いよいよ2024年7月1日に市制100周年を迎える川崎市。市制100周年、さらにその先の未来に向けて策定された川崎市ブランドメッセージ「Colors,Future!いろいろって、未来。」と、そのメッセージが表すまちのあり方について、昔から様々な人や文化などを受け入れながら「住みやすいまち」として成長してきた"かわさき"の成り立ちと今の川崎市の取り組みを紐解きながら紹介する。

人や文化の交流で栄えてきたまち

東海道川崎宿の歴史を今に伝える東海道かわさき宿交流館

「東海道五十三次」の1つ、東海道川崎宿。川崎市が発展する礎となった場所だ。
「1601年に宿駅伝馬制度ができたときは、まだ川崎宿はありませんでしたが、品川宿から神奈川宿が約20kmと離れていたことから、両宿の伝馬負担を軽減させるため、その中間にあるこの地が1623年に宿場として開設されました。大名行列の宿場としてはもちろん、川崎大師が厄除けで有名なことから、観光地としても非常に賑わったと聞いています」
そう話すのは、東海道かわさき宿交流館副館長の濱舘幸二さん。多くの人が行き交うまちになっただけでなく、立地の良さから江戸に物資を届ける物流拠点としての役割も担うことに。

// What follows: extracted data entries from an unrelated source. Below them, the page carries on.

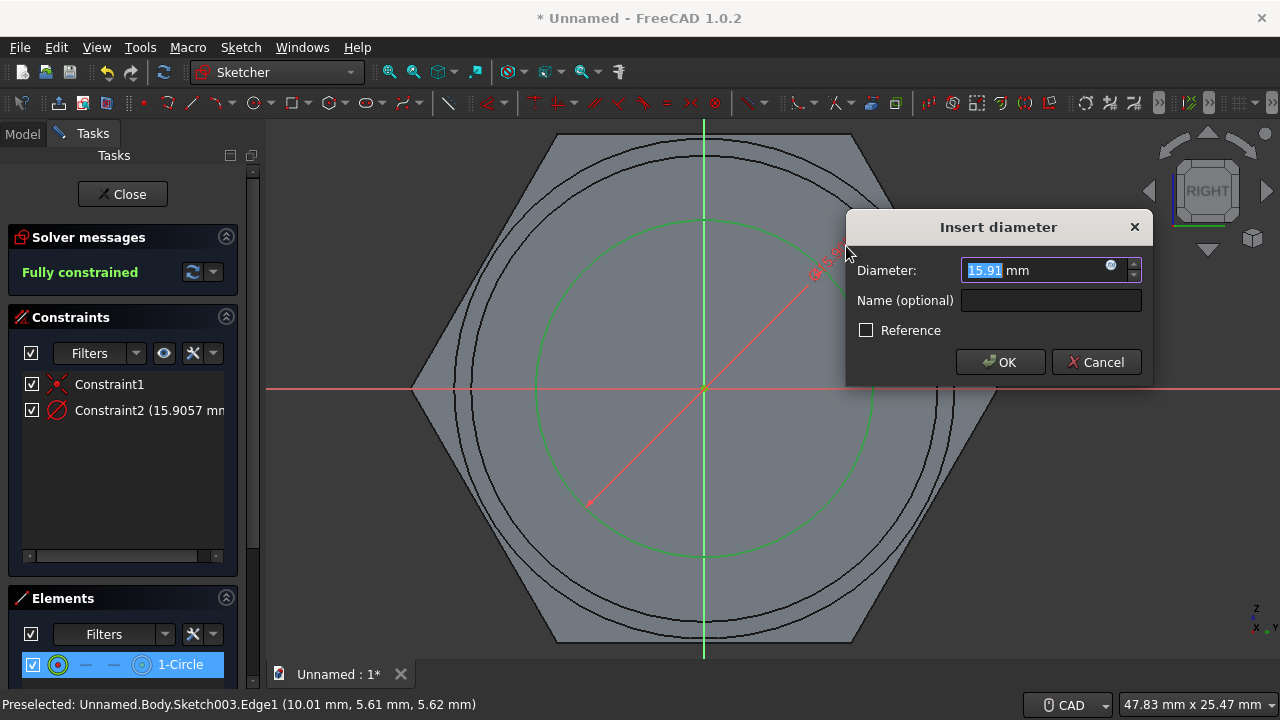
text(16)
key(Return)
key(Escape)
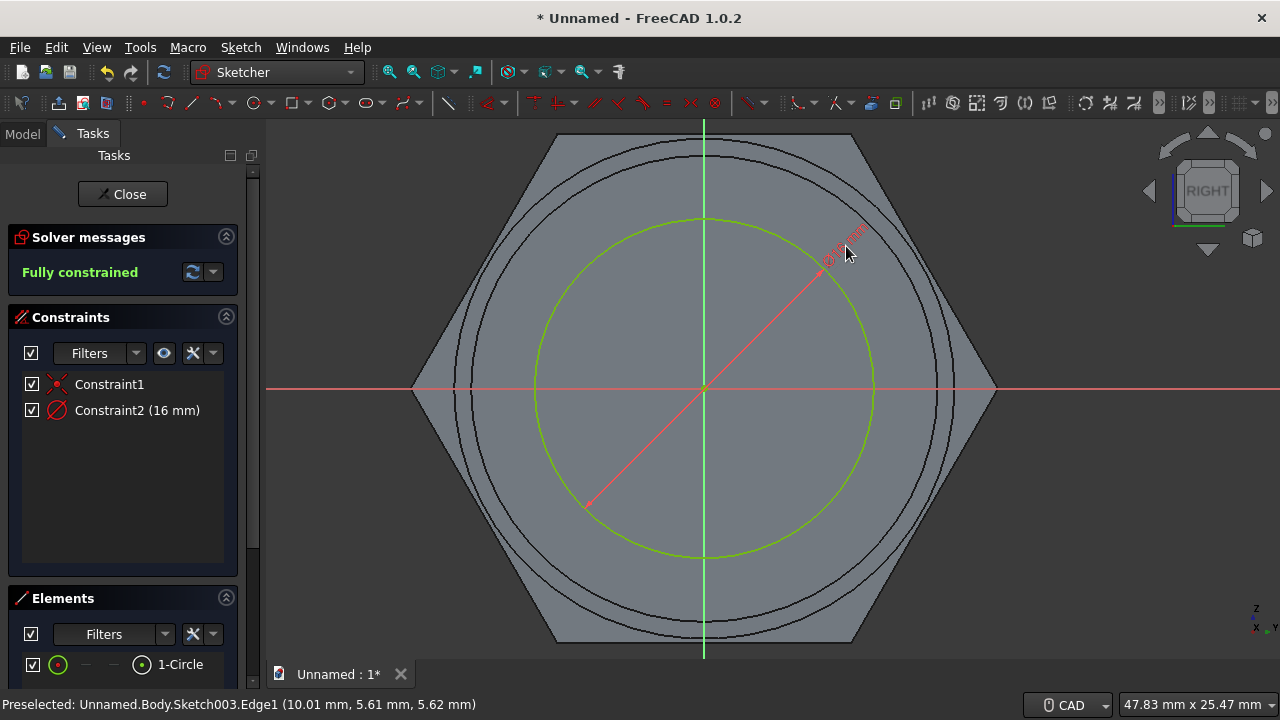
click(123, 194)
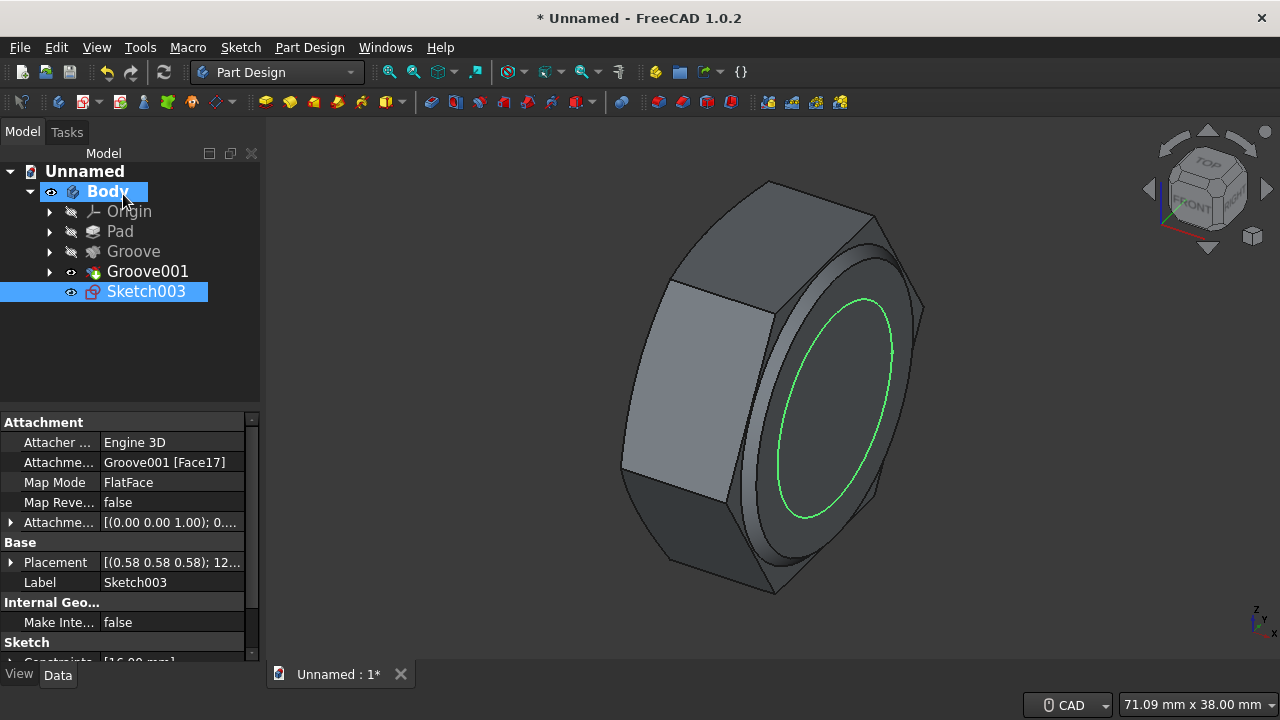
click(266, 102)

2023年は川崎宿が起立して400年。東海道かわさき宿交流館では東海道川崎宿の歴史を振り返る企画展が実施されたほか、東海道の六郷橋から下並木までの間に109基の中間灯が灯されるなど、まちをあげて様々な記念イベントが開催されてきた。川崎宿起立400年プロジェクト推進会議の会長である鬼塚保さんは、川崎駅広域商店街連合会の会長としても、この川崎の地を70年以上にわたり見守ってきた。
「かつては工業のまち、労働者のまちと言われてきた川崎市ですが、市内には若者を集める施設も増え、移住して来る人も増えています。いまや音楽のまち、スポーツのまちなどと言われる『多様性のあるまち』として変化し続けています」

川崎宿起立400年プロジェクト推進会議会長・鬼塚保さん

東海道川崎宿の文字と浮世絵をデザインした中間灯

川崎へ移り住む人たちが定住する理由

川崎市は、戦前・戦後を通じて、市外の地方出身者や外国人が多く働いており、まちの発展を支えてきた。その中でも、市内にあった紡績工場には多くの沖縄の人たちが就職し、これを機に市内へ移住して、川崎の地で暮らすようになった。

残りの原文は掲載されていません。